Class RagEngine

java.lang.Object
dyntabs.ai.rag.RagEngine

public final class RagEngine extends Object
RAG engine that loads documents, splits them, embeds them, and provides a ContentRetriever for use with AI assistants. Uses LangChain4J easy-rag module which includes Tika for PDF/DOCX and a local embedding model.
  • Method Summary

    Modifier and Type
    Method
    Description
    static dev.langchain4j.rag.content.retriever.ContentRetriever
    createRetriever(EasyRAG ragAnnotation)
    Creates a ContentRetriever based on the EasyRAG annotation.
    static dev.langchain4j.rag.content.retriever.ContentRetriever
    createRetriever(String[] sources, int maxResults, double minScore)
    Creates a ContentRetriever programmatically.
    static dev.langchain4j.rag.content.retriever.ContentRetriever
    createRetriever(List<DocumentSource> documentSources, int maxResults, double minScore)
    Creates a ContentRetriever from in-memory document sources.
    static List<dev.langchain4j.data.document.Document>
    loadDocuments(String[] sources)
    Loads documents from path-based sources (classpath, file system, or relative paths) into LangChain4J Documents.
    static List<dev.langchain4j.data.document.Document>
    Parses in-memory document sources (byte arrays) into LangChain4J Documents using Apache Tika.

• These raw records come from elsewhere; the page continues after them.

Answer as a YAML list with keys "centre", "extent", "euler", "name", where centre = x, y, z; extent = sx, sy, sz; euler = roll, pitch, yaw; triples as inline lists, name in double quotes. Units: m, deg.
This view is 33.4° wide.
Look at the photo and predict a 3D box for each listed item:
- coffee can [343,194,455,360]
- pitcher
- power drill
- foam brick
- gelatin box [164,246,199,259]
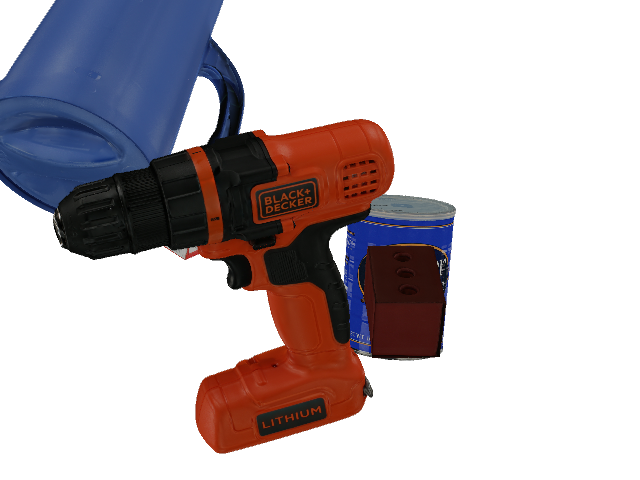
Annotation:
- centre: [0.073, 0.033, 1.026]
  extent: [0.103, 0.140, 0.103]
  euler: [3, 11, -1]
  name: "coffee can"
- centre: [-0.140, -0.137, 0.802]
  extent: [0.145, 0.242, 0.149]
  euler: [-3, -39, 26]
  name: "pitcher"
- centre: [-0.044, 0.030, 0.602]
  extent: [0.184, 0.188, 0.057]
  euler: [-13, 35, -13]
  name: "power drill"
- centre: [0.062, 0.045, 0.796]
  extent: [0.053, 0.051, 0.078]
  euler: [-1, 32, -3]
  name: "foam brick"
- centre: [-0.132, -0.022, 1.035]
  extent: [0.089, 0.030, 0.073]
  euler: [30, 37, 33]
  name: "gelatin box"
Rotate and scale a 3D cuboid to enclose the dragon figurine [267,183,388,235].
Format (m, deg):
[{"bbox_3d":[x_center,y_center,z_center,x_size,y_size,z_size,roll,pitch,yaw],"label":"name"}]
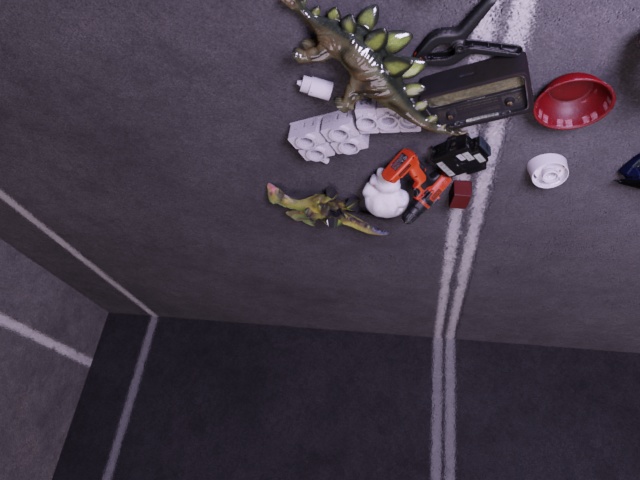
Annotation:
[{"bbox_3d":[0.005,-0.085,1.692,0.407,0.123,0.242,27,165,-29],"label":"dragon figurine"}]

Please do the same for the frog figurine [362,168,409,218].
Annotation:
[{"bbox_3d":[0.194,-0.134,1.490,0.138,0.124,0.157,26,165,8],"label":"frog figurine"}]
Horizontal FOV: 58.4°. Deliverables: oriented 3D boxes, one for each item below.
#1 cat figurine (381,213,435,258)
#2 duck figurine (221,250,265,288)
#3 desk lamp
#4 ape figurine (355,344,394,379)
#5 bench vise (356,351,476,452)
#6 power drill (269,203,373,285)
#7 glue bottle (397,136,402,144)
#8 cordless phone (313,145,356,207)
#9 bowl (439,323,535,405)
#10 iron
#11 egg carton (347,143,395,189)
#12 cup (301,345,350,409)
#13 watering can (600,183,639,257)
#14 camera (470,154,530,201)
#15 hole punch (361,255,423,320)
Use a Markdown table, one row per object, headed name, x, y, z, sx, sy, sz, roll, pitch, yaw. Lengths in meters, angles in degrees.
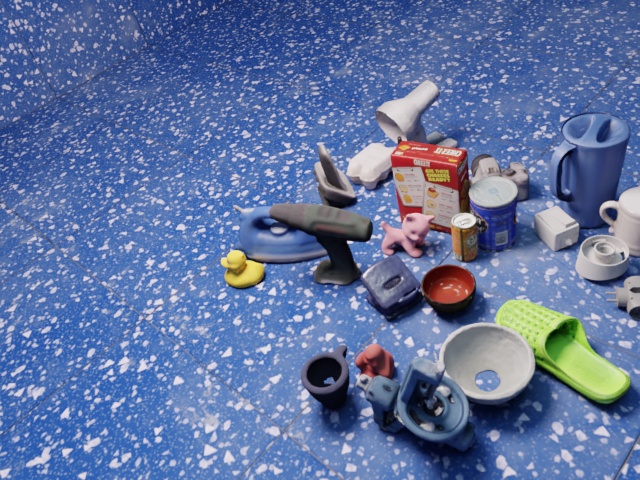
| name | x | y | z | sx | sy | sz | roll | pitch | yaw |
| --- | --- | --- | --- | --- | --- | --- | --- | --- | --- |
| cat figurine | 0.202 | -0.023 | 1.332 | 0.127 | 0.118 | 0.067 | 3 | 45 | 21 |
| duck figurine | -0.190 | 0.063 | 1.387 | 0.104 | 0.086 | 0.077 | -3 | 43 | 14 |
| desk lamp | 0.261 | -0.312 | 1.558 | 0.203 | 0.214 | 0.117 | -32 | 44 | -18 |
| ape figurine | 0.106 | 0.233 | 1.100 | 0.076 | 0.092 | 0.077 | -29 | 43 | -14 |
| bench vise | 0.150 | 0.265 | 0.954 | 0.207 | 0.220 | 0.121 | -1 | 43 | 17 |
| power drill | 0.012 | 0.005 | 1.293 | 0.229 | 0.209 | 0.075 | 1 | 44 | 19 |
| glue bottle | 0.215 | -0.194 | 1.473 | 0.037 | 0.173 | 0.078 | -1 | 43 | 17 |
| cordless phone | 0.026 | -0.190 | 1.521 | 0.094 | 0.185 | 0.147 | -20 | 41 | -4 |
| bowl | 0.304 | 0.237 | 1.046 | 0.167 | 0.075 | 0.167 | -9 | 42 | 8 |
| iron | -0.091 | -0.030 | 1.415 | 0.257 | 0.142 | 0.119 | 1 | 44 | 19 |
| egg carton | 0.150 | -0.208 | 1.589 | 0.107 | 0.069 | 0.150 | 27 | 57 | 38 |
| cup | 0.024 | 0.266 | 1.089 | 0.091 | 0.095 | 0.118 | 14 | 50 | 30 |
| watering can | 0.674 | -0.068 | 1.173 | 0.172 | 0.194 | 0.101 | -12 | 41 | 5 |
| camera | 0.435 | -0.165 | 1.426 | 0.143 | 0.101 | 0.136 | -9 | 42 | 8 |
| hole punch | 0.156 | 0.099 | 1.232 | 0.109 | 0.091 | 0.100 | -31 | 43 | -17 |
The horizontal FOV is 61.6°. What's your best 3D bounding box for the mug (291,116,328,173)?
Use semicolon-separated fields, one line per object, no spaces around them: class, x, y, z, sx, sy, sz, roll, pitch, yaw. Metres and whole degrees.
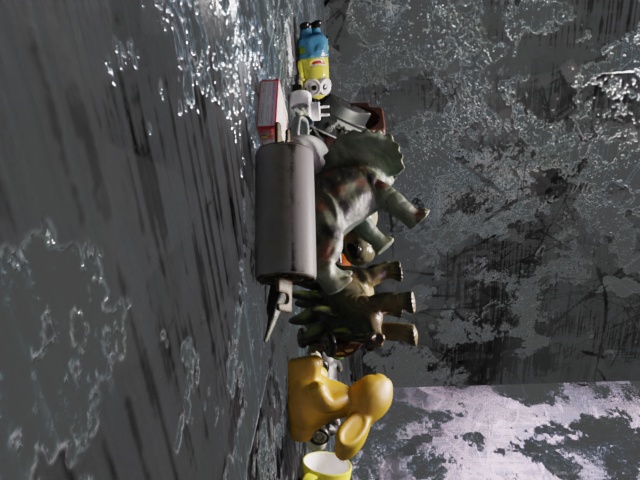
mug;-0.032;-0.146;0.871;0.107;0.081;0.109;-23;119;-76

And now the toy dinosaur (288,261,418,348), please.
toy dinosaur;0.044;0.092;0.904;0.471;0.199;0.105;-103;-170;-81

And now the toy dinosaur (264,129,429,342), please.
toy dinosaur;0.018;-0.039;0.797;0.192;0.405;0.131;50;-39;6

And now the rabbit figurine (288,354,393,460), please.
rabbit figurine;0.035;0.264;0.875;0.121;0.173;0.162;88;-2;-51

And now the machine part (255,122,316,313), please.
machine part;-0.043;-0.031;0.672;0.079;0.079;0.243;70;16;-74

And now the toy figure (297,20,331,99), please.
toy figure;-0.014;-0.424;1.286;0.089;0.082;0.180;-62;147;-77

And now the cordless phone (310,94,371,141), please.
cordless phone;0.025;-0.203;1.153;0.089;0.146;0.184;-6;-112;62

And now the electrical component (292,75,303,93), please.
electrical component;-0.046;-0.304;1.154;0.063;0.021;0.094;30;59;-85

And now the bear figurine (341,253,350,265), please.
bear figurine;0.046;0.132;1.472;0.131;0.120;0.196;87;-2;-50

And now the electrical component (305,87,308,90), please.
electrical component;-0.031;-0.304;1.240;0.102;0.045;0.078;-81;-165;-58

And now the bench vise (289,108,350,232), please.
bench vise;0.007;-0.128;0.998;0.240;0.224;0.129;57;0;0

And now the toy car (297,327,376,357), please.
toy car;0.027;0.178;0.943;0.202;0.089;0.053;171;-82;-68

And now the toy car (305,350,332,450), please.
toy car;-0.009;0.309;1.031;0.073;0.056;0.201;-64;150;-68

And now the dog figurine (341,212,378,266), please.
dog figurine;0.078;-0.053;1.144;0.172;0.121;0.190;43;40;-61

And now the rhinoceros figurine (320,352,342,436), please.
rhinoceros figurine;0.014;0.331;1.176;0.112;0.073;0.190;82;6;-56

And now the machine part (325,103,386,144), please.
machine part;0.059;-0.260;1.323;0.201;0.202;0.087;-87;177;-53

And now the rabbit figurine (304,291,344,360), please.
rabbit figurine;0.007;0.174;1.161;0.170;0.121;0.159;11;82;-67

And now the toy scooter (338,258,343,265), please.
toy scooter;-0.002;-0.004;1.160;0.135;0.075;0.183;57;-6;49

    Methods inherited from class java.lang.Object

    clone, equals, finalize, getClass, hashCode, notify, notifyAll, toString, wait, wait, wait
  • Method Details

    • createRetriever

      public static dev.langchain4j.rag.content.retriever.ContentRetriever createRetriever(EasyRAG ragAnnotation)
      Creates a ContentRetriever based on the EasyRAG annotation.
    • createRetriever

      public static dev.langchain4j.rag.content.retriever.ContentRetriever createRetriever(String[] sources, int maxResults, double minScore)
      Creates a ContentRetriever programmatically.
    • createRetriever

      public static dev.langchain4j.rag.content.retriever.ContentRetriever createRetriever(List<DocumentSource> documentSources, int maxResults, double minScore)
      Creates a ContentRetriever from in-memory document sources.

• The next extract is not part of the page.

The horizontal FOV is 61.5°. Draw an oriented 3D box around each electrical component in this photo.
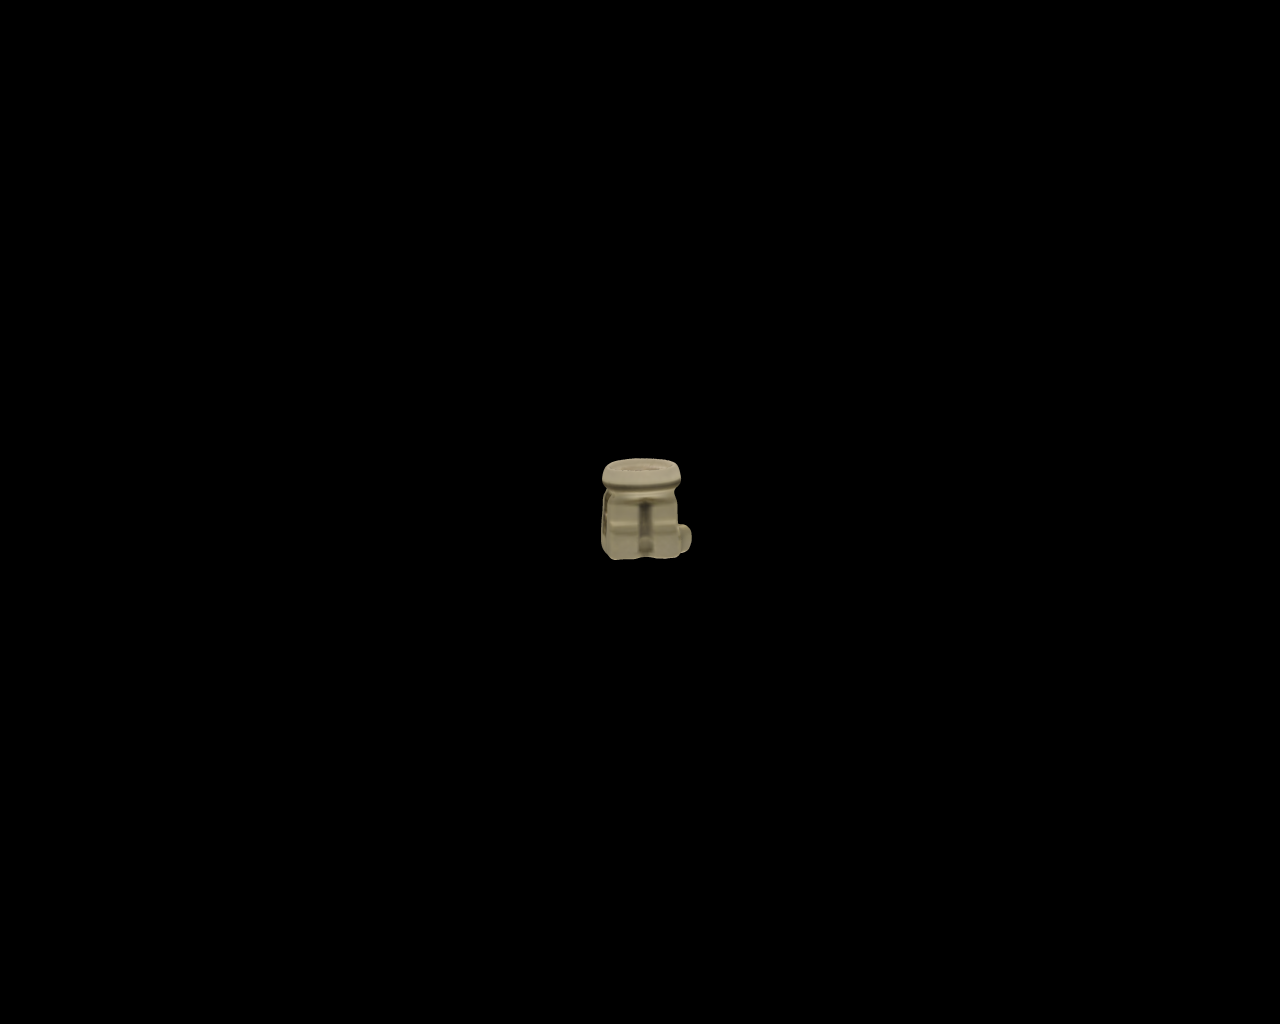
[{"bbox_3d":[0.001,-0.003,0.650,0.066,0.055,0.048,-2,12,-11],"label":"electrical component"}]

      Use this when documents come from a DMS, database, REST API, or any source that provides content as byte[].

      Parameters:
      documentSources - the documents as byte arrays
      maxResults - maximum relevant segments to retrieve
      minScore - minimum relevance score (0.0 to 1.0)
      Returns:
      a configured ContentRetriever
    • parseDocumentSources

      public static List<dev.langchain4j.data.document.Document> parseDocumentSources(List<DocumentSource> sources)
      Parses in-memory document sources (byte arrays) into LangChain4J Documents using Apache Tika.

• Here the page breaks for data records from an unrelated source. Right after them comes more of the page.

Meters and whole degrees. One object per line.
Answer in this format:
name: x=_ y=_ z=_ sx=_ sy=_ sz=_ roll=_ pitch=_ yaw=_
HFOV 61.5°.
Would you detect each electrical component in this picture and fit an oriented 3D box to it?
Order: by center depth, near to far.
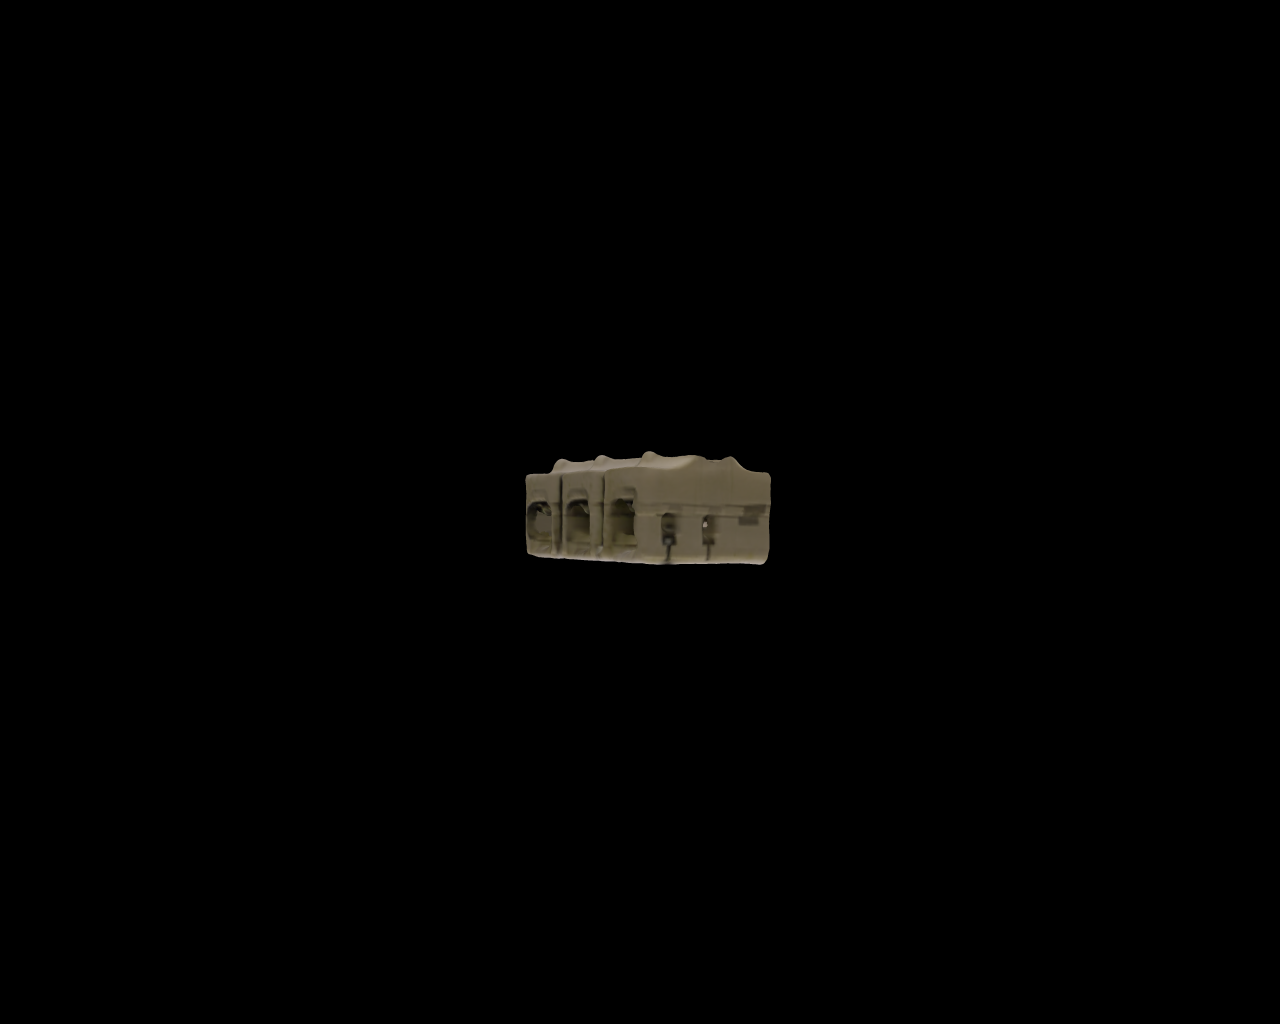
electrical component: x=0.001 y=-0.003 z=0.650 sx=0.089 sy=0.061 sz=0.150 roll=0 pitch=0 yaw=-32

      Shared loader: called by the in-memory RAG path here in RagEngine and by the Milvus ingestion path (EasyIndexer.index(DocumentSource...)), so byte-array documents are parsed identically whether they end up in memory or in Milvus.

      Parameters:
      sources - the documents as byte arrays (from a DMS, DB BLOB, upload, etc.)
      Returns:
      the parsed documents; any source that fails to parse is logged and skipped
    • loadDocuments

      public static List<dev.langchain4j.data.document.Document> loadDocuments(String[] sources)
      Loads documents from path-based sources (classpath, file system, or relative paths) into LangChain4J Documents.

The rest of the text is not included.